Separately, the key interest rate investors charge Wall Street for overnight cash was holding near recent highs on Thursday as bond dealers' demand to fund their trades and bond holdings outweighed investors' willingness to lend.

Analysts attribute the comparatively high rates to dealers' bloated cache of short-term Treasuries as a result of the Fed's "Operation Twist" stimulus program.

Compounding dealers' cash needs has been the effect of the Fed's latest round of purchases of mortgage-backed securities, known as QE3, as the U.S. central bank has not settled purchases with dealers. Analysts estimate dealers should collect anywhere between $30 billion to $40 billion from the Fed on its MBS purchases on Oct. 11.

Until then, the overnight rate on repurchase agreements in which dealers use Treasuries as collateral in exchange for cash will likely stay above the yield on two-year Treasury notes

. The overnight repo rate

is bid 32 basis points on Thursday, flat from late Wednesday, according to brokers.
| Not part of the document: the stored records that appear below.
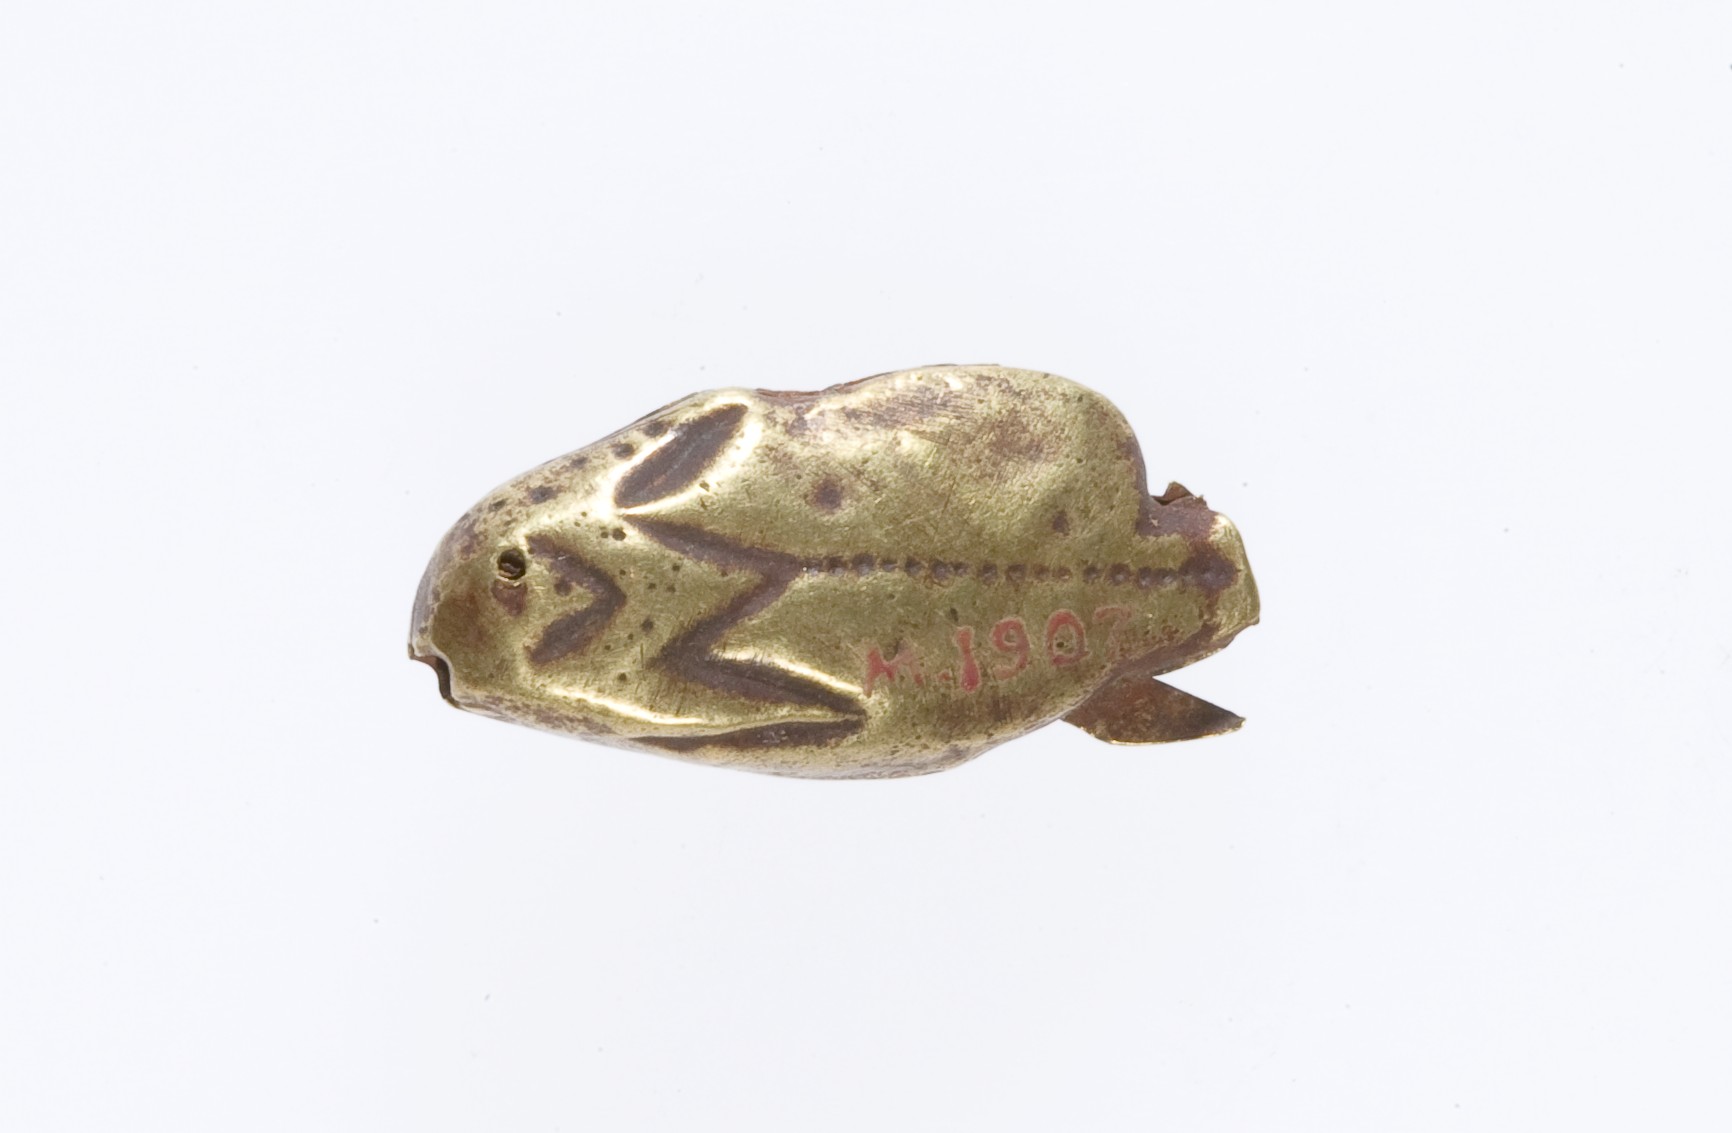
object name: amulet, fish
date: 1981-1550 BCE
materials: gold
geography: egypt
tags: fish

Meanwhile, euro zone money markets were stable on Thursday after the European Central Bank kept interest rates on hold, giving no clue when, or if, it may ease them further, although many analysts still expect such a move.

The ECB held its main refinancing rate at 0.75 percent and left the rate it pays banks to deposit cash overnight - a key factor in calculating the rates at which cash is lent to the wider economy - at zero as expected.

However, President Mario Draghi said rate cuts had not been discussed at all this month.

"It's looking less likely we'll get a cut next month," said Credit Agricole's global head of interest rate strategy David Keeble in London.

"We're not ruling out a cut, we expect it to come at some point, but they're dragging their feet," he said.

The ECB can cut either the deposit rate or the refinancing rate or both. It has typically maintained a fixed corridor between the two rates but in order to continue this, any further refi rate cut would have to be accompanied by an unprecedented fall in the deposit rate to negative territory.

Market pricing based on forward overnight swap rates

and presuming a constant relationship between these and the deposit rate shows that the expectation of a cut in the deposit rate this year remains minimal.

"The deposit rate remains the underlying driver for short-term interest rates and the macroeconomic impact of changing the refi rate alone is not obvious," said London-based RBS rate strategist Simon Peck.

However, economists polled by Reuters last week expect the ECB to cut the refinancing rate to 0.5 percent in the fourth quarter of the year then remain on hold through 2013


"Looking at the global backdrop there still remains the justification at some point on the horizon for a rate cut," RBS' Peck said. "With the focus currently on the OMT program this may turn into a story for early 2013," he added, referring to the ECB's Outright Monetary Transaction bond-buying program.

The Eonia overnight rate is currently at 8.5 basis points

. It is seen at 7 basis points in December and only marginally lower through the first half of next year. If a deposit rate cut to minus 25 basis points were being priced in, forward Eonia would likely fall further.

And without further changes to the ECB's remuneration system, having a negative deposit rate may not encourage banks to lend more: banks could continue to leave excess cash in their current accounts at the central bank - which pays no interest - rather than lend it to each other or the wider economy.